It looks like in the programming guide, the correct call is using cudaHostAlloc and cudaFreeHost.

If the goal is to measure PCIe throughput in isolation, take a look at the CUDA sample application bandwidthTest. In general, you would want to use pinned system memory for such experiments, to avoid hidden overhead e.g. additional copies.

bandwidthTest should at least give you a good idea how to measure uni-directional PCIe throughput. Not sure whether it offers a mode to measure simultaneous upstream / downstream traffic which requires a GPU with dual DMA controllers, and the use of CUDA streams on the software side.

As I stated, PCIe throughput is very much a function of transfer block size. For small block sizes effective throughput can be very low due to fixed overhead of the interconnect. It will be instructive to run bandwidthTest with different block sizes to get a feel for that.

@njuffa

I ran it through shmoo mode and saw at roughly 1024000 that it was running @ 11GBps.

Anyways, using the programming guide and realizing that the method to obtain pinned memory was through the use of cudaHostAlloc and cudaHostGetDevicePointers, I was able to see the speeds that I was looking for.

Maybe in the future, cudaMallocManaged uses pinned memory as well to make life easier for the programmer, but no big deal in my opinion.

I was able to get speeds closer to ~3.3ms which is a significant difference compared to my OpenCL version which is good news for me.

Thanks for everyone’s help!
I’m slowly getting better at CUDA!

BHa

Has anyone ever profiled Thrust before in this kind of regard?

I’m assuming the Thrust devs are acquainted with CUDA well enough to know to use cudaHostAlloc for their host_vector implementation, for example. I’m away from my CUDA machine so I can’t test right now.

AFAIK thrust doesn’t automatically used pinned memory for host allocations.

thrust has an experimental pinned allocator. If you simply google that, you’ll find docs/examples

here’s one:

http://stackoverflow.com/questions/25064383/how-to-asynchronously-copy-memory-from-the-host-to-the-device-using-thrust-and-c

It should be noted that the performance disparity between PCIe transfers using pinned host memory and those using regular paged host memory has diminished over the years, as Intel is paying more attention to system memory bandwidth these days (reducing the overhead of the host-to-host copy needed with paged host memory).

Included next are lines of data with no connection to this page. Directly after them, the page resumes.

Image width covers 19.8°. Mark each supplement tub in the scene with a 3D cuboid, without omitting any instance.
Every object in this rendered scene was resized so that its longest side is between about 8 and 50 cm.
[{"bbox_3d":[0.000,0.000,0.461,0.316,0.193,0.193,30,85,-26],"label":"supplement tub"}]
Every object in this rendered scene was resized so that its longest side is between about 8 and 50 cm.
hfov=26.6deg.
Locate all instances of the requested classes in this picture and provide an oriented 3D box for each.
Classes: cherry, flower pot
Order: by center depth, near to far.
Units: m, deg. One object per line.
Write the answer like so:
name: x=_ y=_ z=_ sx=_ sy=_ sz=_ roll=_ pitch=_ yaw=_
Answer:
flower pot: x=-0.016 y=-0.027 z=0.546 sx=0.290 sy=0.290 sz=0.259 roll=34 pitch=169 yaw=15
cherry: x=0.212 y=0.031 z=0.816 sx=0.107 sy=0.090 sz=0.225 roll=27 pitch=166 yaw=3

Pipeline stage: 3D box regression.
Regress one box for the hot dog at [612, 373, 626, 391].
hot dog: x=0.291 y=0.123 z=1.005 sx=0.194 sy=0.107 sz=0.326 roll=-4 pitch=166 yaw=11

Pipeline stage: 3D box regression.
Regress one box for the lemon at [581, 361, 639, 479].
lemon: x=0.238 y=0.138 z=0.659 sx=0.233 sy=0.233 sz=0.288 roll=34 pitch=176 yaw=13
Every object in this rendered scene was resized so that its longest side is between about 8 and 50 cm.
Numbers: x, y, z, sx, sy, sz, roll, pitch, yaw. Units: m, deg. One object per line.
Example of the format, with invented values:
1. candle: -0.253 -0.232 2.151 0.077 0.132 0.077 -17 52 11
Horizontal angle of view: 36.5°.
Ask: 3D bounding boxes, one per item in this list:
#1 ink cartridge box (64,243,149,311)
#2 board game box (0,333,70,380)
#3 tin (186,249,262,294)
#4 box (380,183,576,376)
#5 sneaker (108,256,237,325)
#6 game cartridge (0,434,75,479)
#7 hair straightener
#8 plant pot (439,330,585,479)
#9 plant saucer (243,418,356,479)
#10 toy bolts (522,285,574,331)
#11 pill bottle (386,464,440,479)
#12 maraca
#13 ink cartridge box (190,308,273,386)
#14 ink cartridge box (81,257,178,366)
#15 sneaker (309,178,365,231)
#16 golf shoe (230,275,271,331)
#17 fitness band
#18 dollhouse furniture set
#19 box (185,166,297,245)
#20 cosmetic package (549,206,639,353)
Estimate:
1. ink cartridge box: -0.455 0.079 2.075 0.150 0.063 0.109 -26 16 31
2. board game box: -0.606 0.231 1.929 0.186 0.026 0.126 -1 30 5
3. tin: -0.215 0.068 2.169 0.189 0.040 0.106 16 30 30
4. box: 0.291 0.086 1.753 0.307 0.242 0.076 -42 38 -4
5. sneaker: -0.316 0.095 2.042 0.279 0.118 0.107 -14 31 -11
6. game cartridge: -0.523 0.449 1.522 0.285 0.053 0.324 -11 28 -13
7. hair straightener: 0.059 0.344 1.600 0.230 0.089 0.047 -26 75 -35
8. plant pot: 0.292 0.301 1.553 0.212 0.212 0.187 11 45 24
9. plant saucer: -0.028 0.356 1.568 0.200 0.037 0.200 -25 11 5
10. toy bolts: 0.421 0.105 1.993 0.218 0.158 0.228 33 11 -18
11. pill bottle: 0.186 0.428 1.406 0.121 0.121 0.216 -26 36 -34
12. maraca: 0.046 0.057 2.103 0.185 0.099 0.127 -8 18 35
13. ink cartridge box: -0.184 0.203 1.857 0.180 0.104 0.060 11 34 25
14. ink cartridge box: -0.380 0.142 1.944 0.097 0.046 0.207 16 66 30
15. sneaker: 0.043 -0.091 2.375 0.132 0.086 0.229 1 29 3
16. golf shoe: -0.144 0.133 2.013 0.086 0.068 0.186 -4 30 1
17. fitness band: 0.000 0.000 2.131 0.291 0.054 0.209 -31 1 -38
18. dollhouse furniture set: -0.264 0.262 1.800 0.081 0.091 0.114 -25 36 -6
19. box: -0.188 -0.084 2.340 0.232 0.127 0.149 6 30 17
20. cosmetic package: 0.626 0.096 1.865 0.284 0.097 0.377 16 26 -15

Now that AMD is gearing up to deliver even faster x86 system memory configurations (by increasing the number of DDR4 channels for their planned Naples server platforms to eight), we may see that difference shrink even more.

txbob, thank you for the link.

That’s so interesting. I wonder why they consider a pinned-memory allocator to be experimental. Are there some subtle caveats I’m not seeing up front?

Pinned host allocations are not without issues. They are primarily intended to be used in the way the CUDA driver uses them internally: it creates a good-sized (single-digits MB) pinned buffer at context creation and re-uses it for all DMA transfers from and to the GPU.

Since pinned host allocations require physically contiguous chunks of memory, these allocations may be slower to create, are more likely to cause system memory fragmentation, and can interfere with the operating system’s page-based memory virtualization. Operating systems may limit pinned allocations to just a fraction of the total system memory, or may experience significant slowdown if many pinned allocations are used.

Hypothesis: These may be reason why pinned allocations are not supported by Thrust as a standard feature.

That’s so cool about pinned memory!

Thank you for your detailed explanation on the inner workings. Those are some really good reasons why an allocator like that would be experimental.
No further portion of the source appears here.